辺境にしてはやけに広大な邸には、彼の他には使用人たちしかいなかった。
「ヴィオラさん、元気になったら何が食べたいですか?」
柔らかな眼差しに見つめられ、ヴィオラは少しだけ視線を落とした。
「……果物が食べたいですわ」
「どんな果物が好きですか?」
「……苺が……一番好きですの」
どこか恥ずかしそうにそう答えたヴィオラに、レアンドロは嬉しそうに目を細めた。
「春になったら、ヴィオラさんのために苺をたくさん用意しましょう」
レアンドロの優しい眼差しと気遣いに、ヴィオラは戸惑いながらも微笑み返した。
レアンドロの優しさに触れる度に、ヴィオラの胸は温かく――けれど何故か、少しだけ締め付けられた。
彼女は、優しさに慣れていなかった。
「ヴィオラさん、暖かくなったら庭を散歩しましょう」
(どうして……ここまで親切にしてくださるの?)
素性の知れぬ女を当然のように受け入れ、世話をするレアンドロの本意が、ヴィオラには分からなかった。
けれど、彼女の名を優しく呼ぶ彼の瞳に、打算や下心などは欠片も感じられなかった。彼は、ヴィオラを手助けする以外では、指一本ですら触れようとはしなかったのだ。
(わたくしは、このままここにいて良いのかしら――)
すべてを失ったヴィオラは、まるで庭の片隅に咲く萎れかけた小さな花のようだった。
けれど、レアンドロがヴィオラの名を呼ぶ度に、彼女の強張った心も硬かった表情も、ほんの少しずつ――柔らかく、解れていった。
「ヴィオラさんは、どんな花がお好きですか?」
「お花はどれも好きですわ……白い花以外なら、何でも……」
レアンドロは、ヴィオラの好きなものをよく尋ねた。
ヴィオラが淡く微笑む度に、その水色の瞳は安堵の色を滲ませた。
レアンドロは、ほんの少しずつ――まるでゆっくり歩み寄るようにヴィオラに優しさを注いだ。
「ヴィオラさん、タルトはお好きですか」
ひと月ほどが経った頃。レアンドロがヴィオラに差し出したのは、艶々の真っ赤な苺が敷き詰められたカスタードのタルトだった。
「まあ! 美味しそうな苺……」
「北の国の苺です」
「レアンドロ様、ありがとうございます」
「ヴィオラさん、その……少し酸っぱいかもしれません」
少し照れ臭そうにそう口にしたレアンドロに、ヴィオラは声を立てて笑った。
(『春になったら』と仰っていたのに……)
レアンドロは、ヴィオラのためにわざわざ他国から苺を取り寄せ、料理長にタルトを作らせたのだった。
(ヴィオラさんが、笑ってくれた……)
僅かに目を見開いたレアンドロは、嬉しそうにはにかんだ。初めて見たヴィオラの笑顔を、彼はまるで花が咲いたようだと思った。

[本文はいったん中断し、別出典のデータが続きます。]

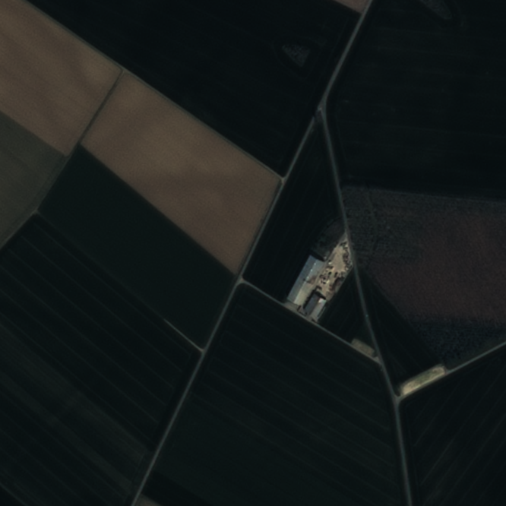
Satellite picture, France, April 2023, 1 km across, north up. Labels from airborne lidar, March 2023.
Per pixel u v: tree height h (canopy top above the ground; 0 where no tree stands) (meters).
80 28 0
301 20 0
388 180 0
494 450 0
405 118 0
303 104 0
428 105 0
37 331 0
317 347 0
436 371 0
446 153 0
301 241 0
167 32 0
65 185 0
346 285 0
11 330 0
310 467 0
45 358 0
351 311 0
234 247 0
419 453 0
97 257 0
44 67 0
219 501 0
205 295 0
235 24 0
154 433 0
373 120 0
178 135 0
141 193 0
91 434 0
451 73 0
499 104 0
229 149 0
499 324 13
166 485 0
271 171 0
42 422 0
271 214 0
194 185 0
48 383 0
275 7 0
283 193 0
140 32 0
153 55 0
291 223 0
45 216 0
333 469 0
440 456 0
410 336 0
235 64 0
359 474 0
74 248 0
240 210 0
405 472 0
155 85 0
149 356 0
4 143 0
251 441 0
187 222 0
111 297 0
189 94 0
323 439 0
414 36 0
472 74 0
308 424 0
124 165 0
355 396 0
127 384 0
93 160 0
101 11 0
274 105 0
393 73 0
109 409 0
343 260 0
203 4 0
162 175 0
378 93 0
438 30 0
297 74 0
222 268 0
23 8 0
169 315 0
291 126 0
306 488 0
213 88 0
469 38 0
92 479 0
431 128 0
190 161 0
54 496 0
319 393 0
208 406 0
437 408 0
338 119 0
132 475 0
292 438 0
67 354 0
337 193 0
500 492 0
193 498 0
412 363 0
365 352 0
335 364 0
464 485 0
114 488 0
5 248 0
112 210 0
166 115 0
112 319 0
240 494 0
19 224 0
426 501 0
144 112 0
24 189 0
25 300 0
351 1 0
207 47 0
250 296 0
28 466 0
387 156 0
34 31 0
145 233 0
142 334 0
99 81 0
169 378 0
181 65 0
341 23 0
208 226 0
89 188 0
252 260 0
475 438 0
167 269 0
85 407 0
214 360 0
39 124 0
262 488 0
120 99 0
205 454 0
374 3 0
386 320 0
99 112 0
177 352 0
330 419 0
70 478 0
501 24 0
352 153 0
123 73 0
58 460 0
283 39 0
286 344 0
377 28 0
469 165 0
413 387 0
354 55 0
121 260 0
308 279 0
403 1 0
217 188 0
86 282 0
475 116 0
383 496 0
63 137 0
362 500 0
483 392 0
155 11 0
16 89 0
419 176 0
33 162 0
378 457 0
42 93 0
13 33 0
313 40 0
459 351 8
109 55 0
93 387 0
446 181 0
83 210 0
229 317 0
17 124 0
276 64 0
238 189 0
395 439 0
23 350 0
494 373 0
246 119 0
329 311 0
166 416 0
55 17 0
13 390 0
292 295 0
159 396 0
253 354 0
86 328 0
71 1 0
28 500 0
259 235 0
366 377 0
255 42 0
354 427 0
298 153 0
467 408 0
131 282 0
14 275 0
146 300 0
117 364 0
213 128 0
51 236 0
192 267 0
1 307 0
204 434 0
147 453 0
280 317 0
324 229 0
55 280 0
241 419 0
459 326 12
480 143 0
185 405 0
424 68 0
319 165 0
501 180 0
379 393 0
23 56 0
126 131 0
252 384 0
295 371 0
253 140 0
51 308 0
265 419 0
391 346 0
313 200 0
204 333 0
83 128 0
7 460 0
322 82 0
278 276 0
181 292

彼女を見つめる柔らかな眼差しは、まるで春の日差しに目を細めるかのようだった。
「ヴィオラさん! 苺のフレーバーティーを見つけましたよ」
「まあ……ありがとうございます」
レアンドロは、ヴィオラが微笑む度に嬉しそうに目を細めた。
彼の瞳は切れ長で、澄んだ水色の瞳はまるで凍てつく冬空を溶かしたような色だ。
けれど、ヴィオラはその瞳に温かさを感じた。
(こんなにも、優しい男性がいるなんて……)
一緒に過ごすうちに、レアンドロの柔らかな眼差しも低く優しい声音も、まるで春の陽だまりのように感じられるようになっていった。